You can also help by contacting your two U.S. Senators and your Member of Congress.  Calls to Speaker Pelosi and Majority Leader Reid also are helpful.  Senator Reid’s phone number is:  (202) 224-3542.  Speaker Pelosi’s phone number is:  (202) 225-0100.

With appreciation,

Cary Sanders
Having Our Say

Isaac Menashe
California Immigrant Policy Center

The Honorable Nancy Pelosi The Honorable Harry Reid
Speaker of the House       Majority Leader of the United States Senate
H-232, US Capitol     522 Hart Senate Office Building
Washington, DC 20515    Washington, DC 20510

Dear Speaker Pelosi and Majority Leader Reid:

The undersigned immigrant and civil rights organizations urge you to remedy two critical components of comprehensive health insurance reform impacting immigrant populations.

We believe that health insurance reform should benefit everyone in America, and that reform should create a truly inclusive and accessible health care system in which no one is left out.  It is critical that lawfully present immigrants have access to subsidies to purchase insurance on the exchange and are happy that this is included in the Senate health reform bill.  However, in order for very low-income lawful residents to be treated equitably in health reform, they must have full access to Medicaid, which offers strong cost sharing and premium protections. We urge you to ensure lawfully present immigrants are treated fairly as you complete the work of drafting and passing comprehensive health insurance reform by using any tools available to add a provision that would permit lawfully present immigrants to access Medicaid if they are otherwise qualified.
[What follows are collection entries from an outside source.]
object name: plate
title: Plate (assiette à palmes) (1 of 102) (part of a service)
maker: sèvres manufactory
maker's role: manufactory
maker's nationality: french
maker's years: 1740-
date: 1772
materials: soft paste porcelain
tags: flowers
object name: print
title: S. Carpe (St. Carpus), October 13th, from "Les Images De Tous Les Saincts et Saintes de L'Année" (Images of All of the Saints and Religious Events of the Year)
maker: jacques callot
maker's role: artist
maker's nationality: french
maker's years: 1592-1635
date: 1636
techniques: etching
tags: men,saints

Immigrants contribute to this nation’s workforce, pay their fair share of taxes, and pursue citizenship to its fullest potential.  Yet, under existing law, many low-income legal immigrants must wait five years to obtain Medicaid coverage. The continuation of the five-year Medicaid waiting period for legal immigrants will make it more difficult for them to afford care while at the same time mandating that they purchase insurance. The five-year waiting period precludes individuals from obtaining necessary services to prevent serious medical conditions from worsening.  This type of restriction is not only unfair but also excludes immigrants from a critical safety net that their taxes help support.
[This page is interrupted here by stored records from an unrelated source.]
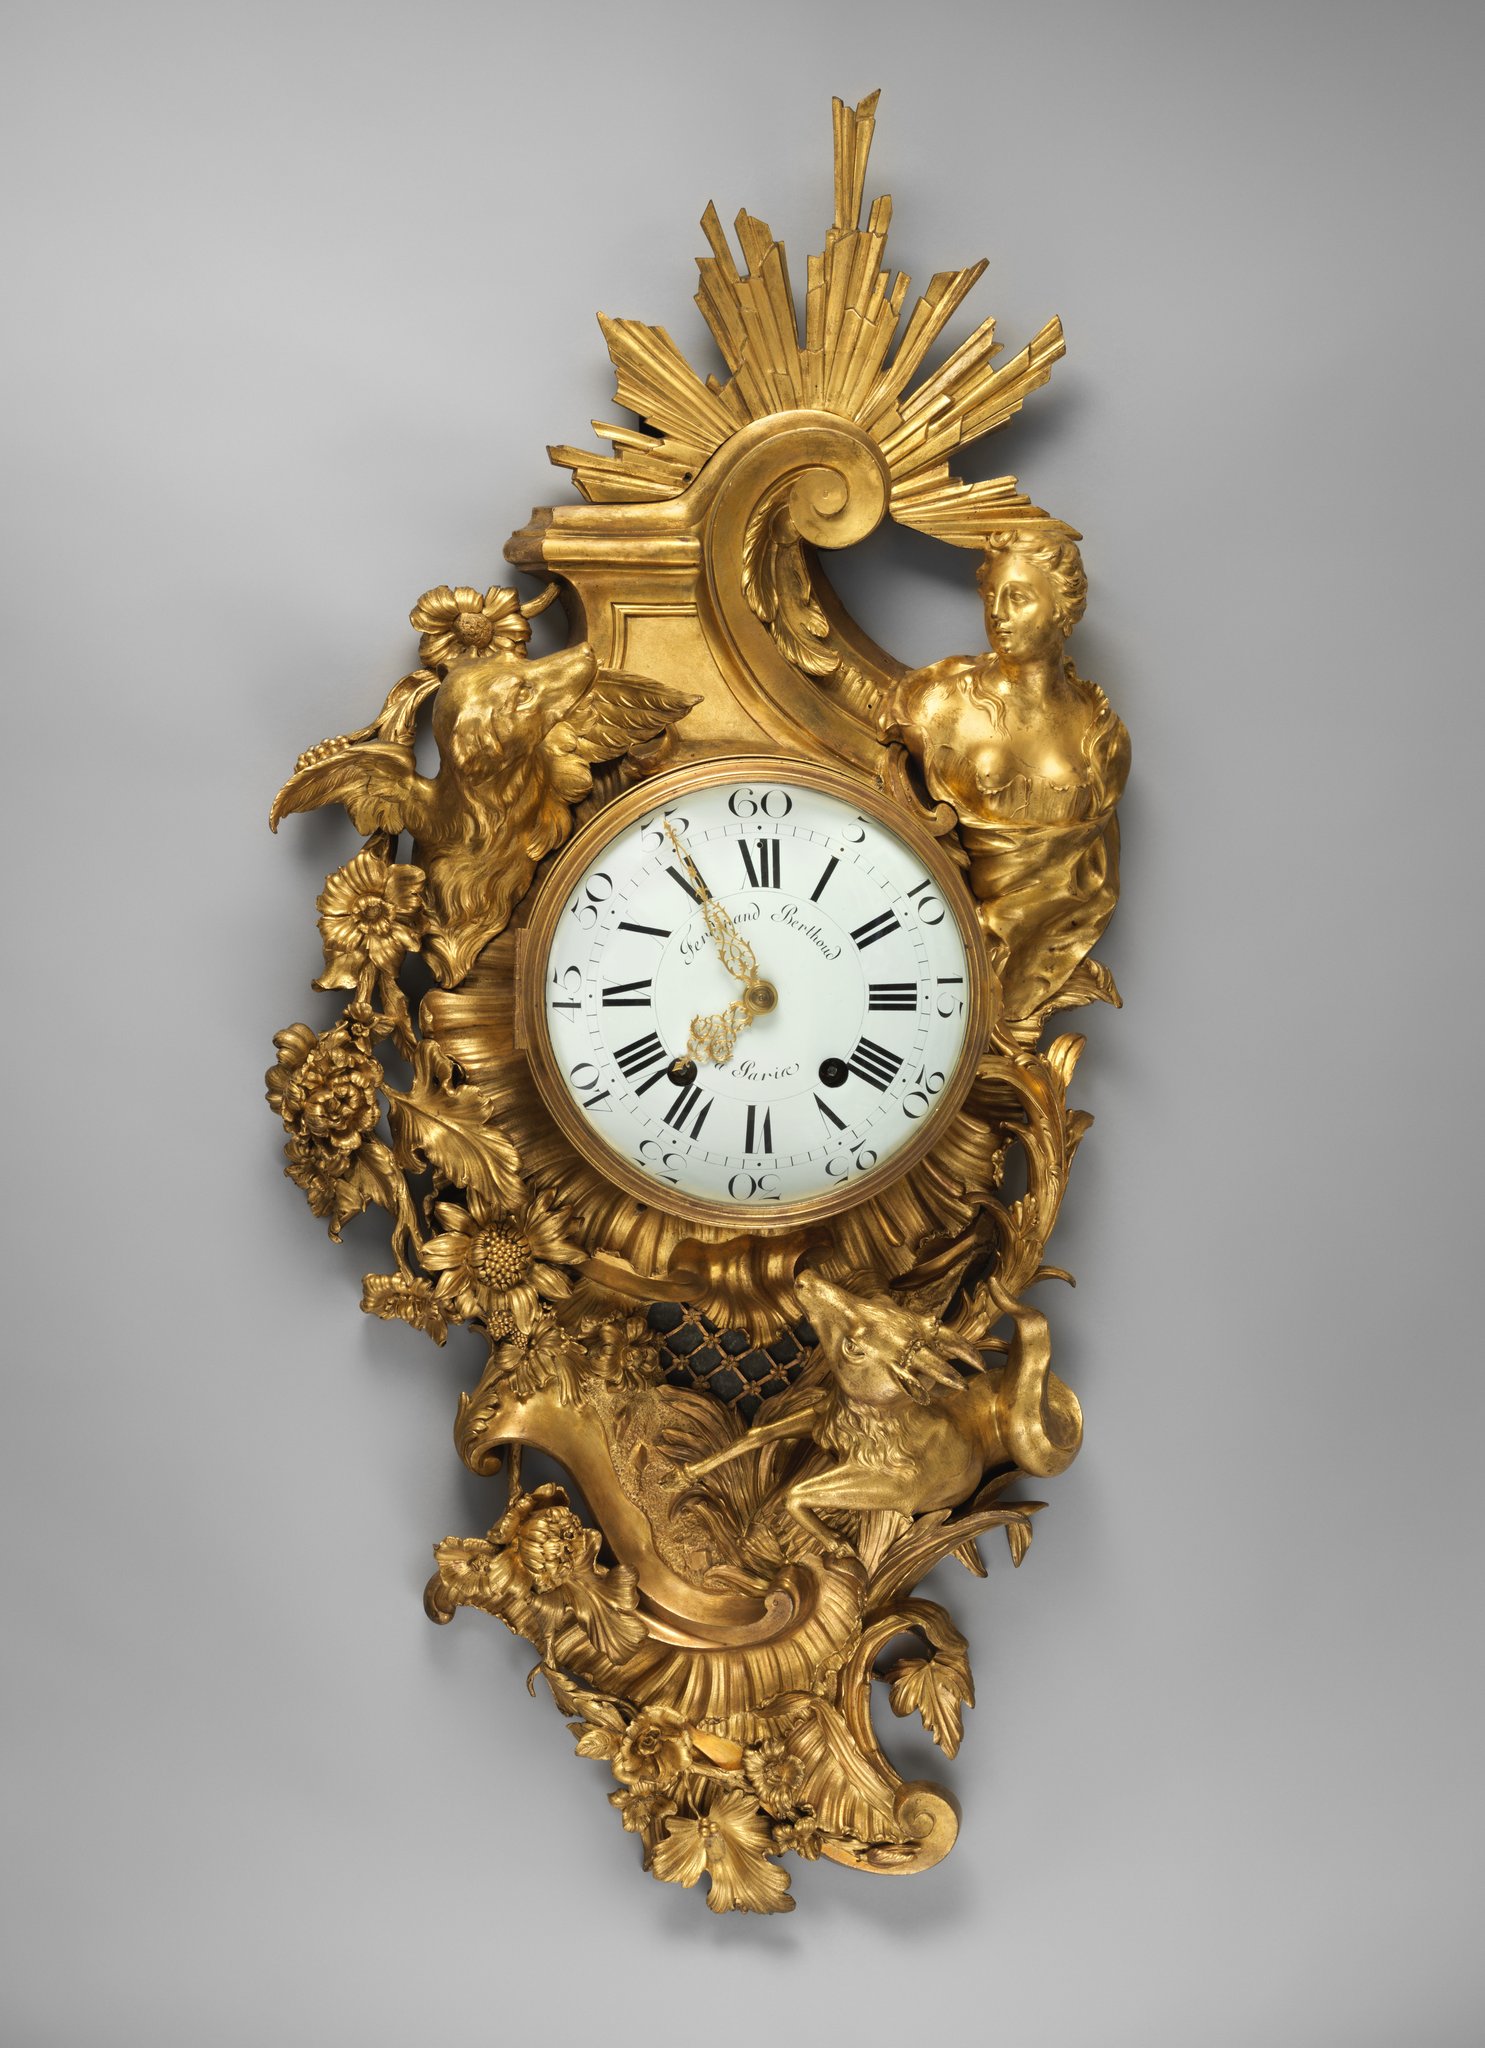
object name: wall clock
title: Wall clock (cartel) with movement of later date
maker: jacques caffieri
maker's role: maker
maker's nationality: french
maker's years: 1678-1755
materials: gilt bronze
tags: women,dogs

We also urge you to amend provisions in the Senate bill that prohibit undocumented immigrants from purchasing unsubsidized insurance products with their own money through new exchanges. These provisions in the Senate legislation will impose a costly new verification system upon each person who seeks coverage through the exchange, whether they are an immigrant or a U.S. citizen.  By removing these provisions you will eliminate an unwieldy bureaucracy and an impractical bar to the insurance marketplace.

The existence of these discriminatory provisions will mean that adequate health coverage will not be available to significant populations – especially the four million U. S. Citizen children who live in mixed status families.   Retaining these provisions will merely shift costs to the general population and ultimately burden us all with poorly designed policies that undercut everyone’s access to affordable health coverage.